I am a PhD student who is learning to use machine learning algorithms for my dissertation in Information Assurance. I have been using XGBoost to do text classification for sentiment analysis. I have been using the Pang and Lee movie review dataset, which is 2000 movie reviews, both positive and negative. Using XGBoost, I managed to get 98.33% accuracy. I was looking at using PCA with my bag of words feature set for dimension reduction. I used the "prcomp" function in R on my training set and it worked fine. The accuracy for the training set was a 99.8%. When I tried to use the prcomp function on the "testing" partition, I got the following error: "cannot rescale a constant/zero column to unit variance." Here is the line of code where the program fails: "prin_comp <- prcomp(dtm_test, scale. = TRUE)"
I am unable to run the test set due to this issue. I have included my full R code for this project.
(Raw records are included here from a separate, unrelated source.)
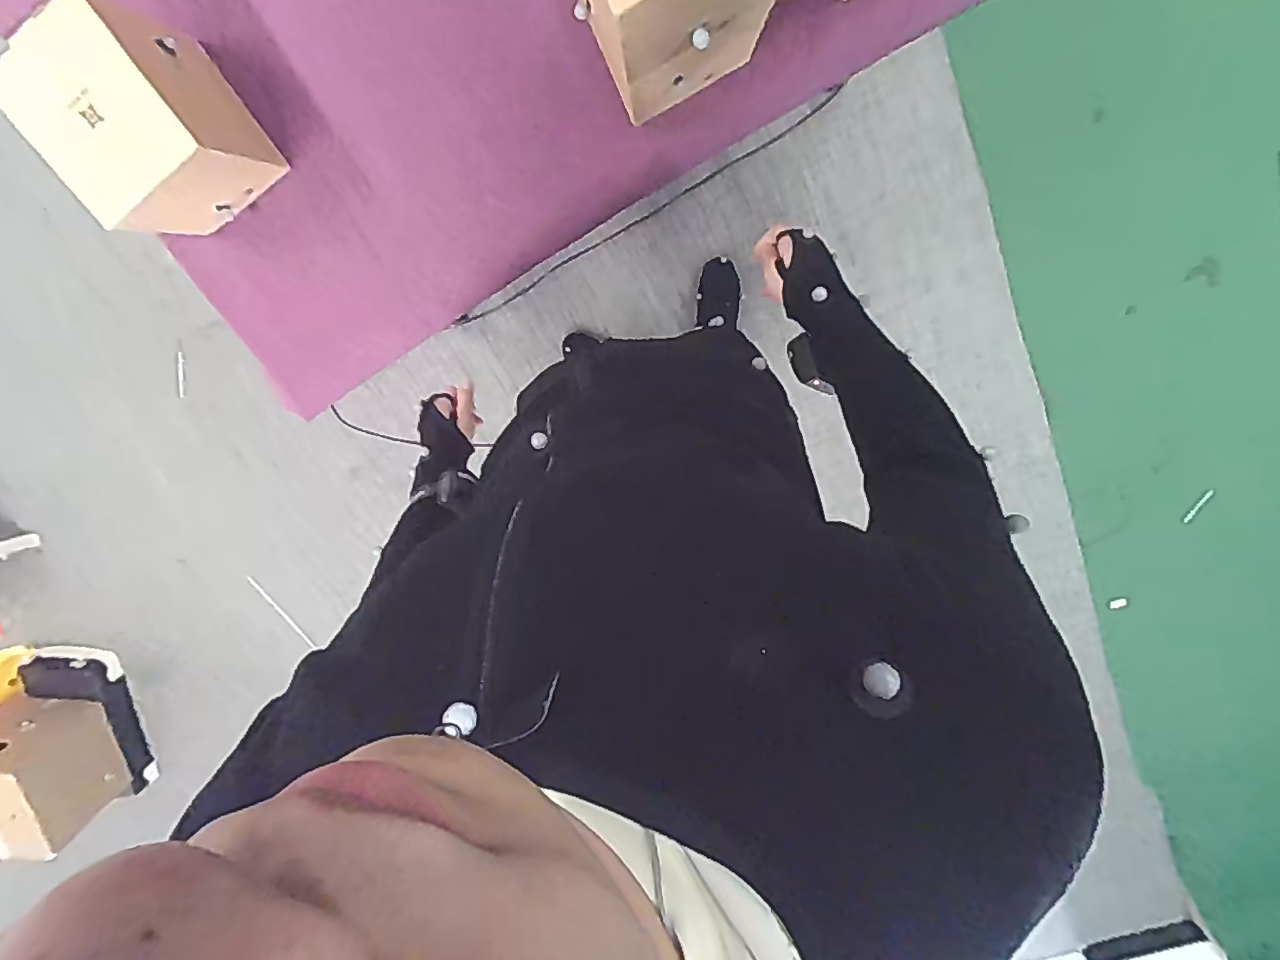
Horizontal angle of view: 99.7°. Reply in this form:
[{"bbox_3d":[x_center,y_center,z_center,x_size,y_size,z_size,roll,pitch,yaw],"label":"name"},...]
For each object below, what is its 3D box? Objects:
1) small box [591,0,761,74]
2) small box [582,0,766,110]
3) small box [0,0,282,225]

Thanks for any help that you can provide.
setwd('C:/rscripts/movies')
imdb = read.csv('movies.csv', stringsAsFactors = FALSE)
library(text2vec)
library(caret)
library(magrittr)
library(xgboost)
library(glmnet)
library(stringr)
colnames(imdb)<-c("class","text")
imdb$text<-as.character(imdb$text)
head(imdb)
set.seed(100)
inTrain1<-createDataPartition(imdb$class,p=0.70,list=F)
train<-imdb[inTrain1,]
test<-imdb[-inTrain1,]
train<-cbind(train,id=rownames(train))
test<-cbind(test,id=rownames(test))
rownames(train)<-c(1:nrow(train))
rownames(test)<-c(1:nrow(test))
nrow(train)
nrow(test)
prep_fun = tolower
tok_fun = word_tokenizer
it_train = itoken(train$text,
preprocessor = prep_fun,
tokenizer = tok_fun,
ids = train$id,
progressbar = FALSE)
class(it_train)
vocab = create_vocabulary(it_train)
iconv(vocab, "latin1", "ASCII", sub="")
vectorizer = vocab_vectorizer(vocab)
t1 = Sys.time()
dtm_train = create_dtm(it_train, vectorizer)
print(difftime(Sys.time(), t1, units = 'sec'))
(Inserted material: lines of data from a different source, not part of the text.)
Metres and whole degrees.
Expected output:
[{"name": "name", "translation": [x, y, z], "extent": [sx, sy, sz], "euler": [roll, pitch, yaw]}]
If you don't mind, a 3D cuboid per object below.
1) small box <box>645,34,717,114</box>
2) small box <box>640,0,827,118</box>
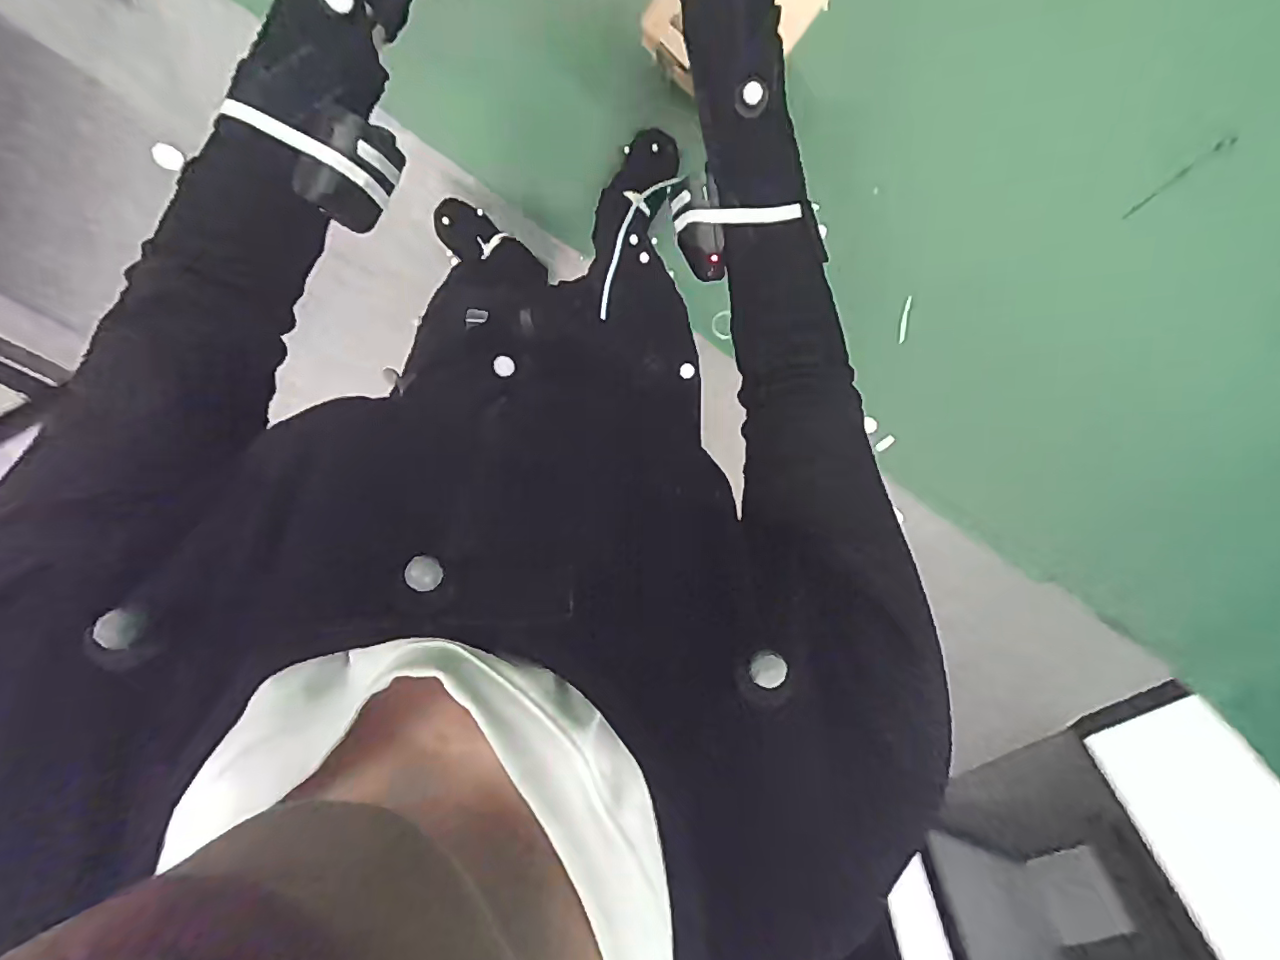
[{"name": "small box", "translation": [0.123, -0.809, 0.977], "extent": [0.168, 0.176, 0.179], "euler": [34, 122, -21]}, {"name": "small box", "translation": [0.119, -0.617, 0.708], "extent": [0.168, 0.176, 0.179], "euler": [33, 121, -21]}]

stop_words = c("the", "is", "and", "have","off","why")
t1 = Sys.time()
vocab = create_vocabulary(it_train, stopwords = stop_words)
gsub('[[:punct:] ]+',' ',vocab)
gsub("^\\s+|\\s+$", "", vocab)
gsub('[0-9]+', '', vocab)
gsub("@\\w+ *", "", vocab)
gsub("http", "", vocab)
gsub("1", "", vocab)
gsub("2", "", vocab)
gsub("http", "", vocab)
gsub("my", "", vocab)
gsub("too", "", vocab)
gsub("for", "", vocab)
print(difftime(Sys.time(), t1, units = 'sec'))
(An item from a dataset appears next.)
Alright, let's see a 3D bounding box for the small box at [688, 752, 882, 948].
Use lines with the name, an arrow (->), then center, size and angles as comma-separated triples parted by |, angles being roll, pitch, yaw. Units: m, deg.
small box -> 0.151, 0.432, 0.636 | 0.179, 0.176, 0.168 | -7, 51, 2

pruned_vocab = prune_vocabulary(vocab,
term_count_min = 10,
doc_proportion_max = 0.5,
doc_proportion_min = 0.001)
vectorizer = vocab_vectorizer(pruned_vocab)
head(vocab)
t1 = Sys.time()
dtm_train = create_dtm(it_train, vectorizer)
print(difftime(Sys.time(), t1, units = 'sec'))
it_test = test$text %>%
prep_fun %>%
tok_fun %>%
itoken(ids = test$id,
progressbar = FALSE)
dtm_test = create_dtm(it_test, vectorizer)
prin_comp <- prcomp(dtm_test, scale. = TRUE)
prin_comp2 <- prcomp(dtm_train, scale. = TRUE)
test_matrix <- xgb.DMatrix(prin_comp$x, label = test$class)
train_matrix <- xgb.DMatrix(prin_comp2$x, label = train$class)
xgb_params = list(
objective = "binary:logistic",
eta = 0.01,
max.depth = 7,
gammma = 1,
colsample_bytree = 0.5,
min_child_weight = 1,
eval_metric = "error")
set.seed(1234)
# Pass in our hyperparameteres and train the model
system.time(xgb <- xgboost(params = xgb_params,
data = train_matrix,
label = train$polarity,
nrounds = 500,
print_every_n = 100,
verbose = 1))
xgb_fit <- xgboost(data = train_matrix, params = xgb_params, nrounds = 100)
pred <- predict(xgb_fit,train_matrix)
pred.resp <- ifelse(pred >= 0.50, 1, 0)
table(pred.resp,train$class)
confusionMatrix(table(pred.resp, train$class))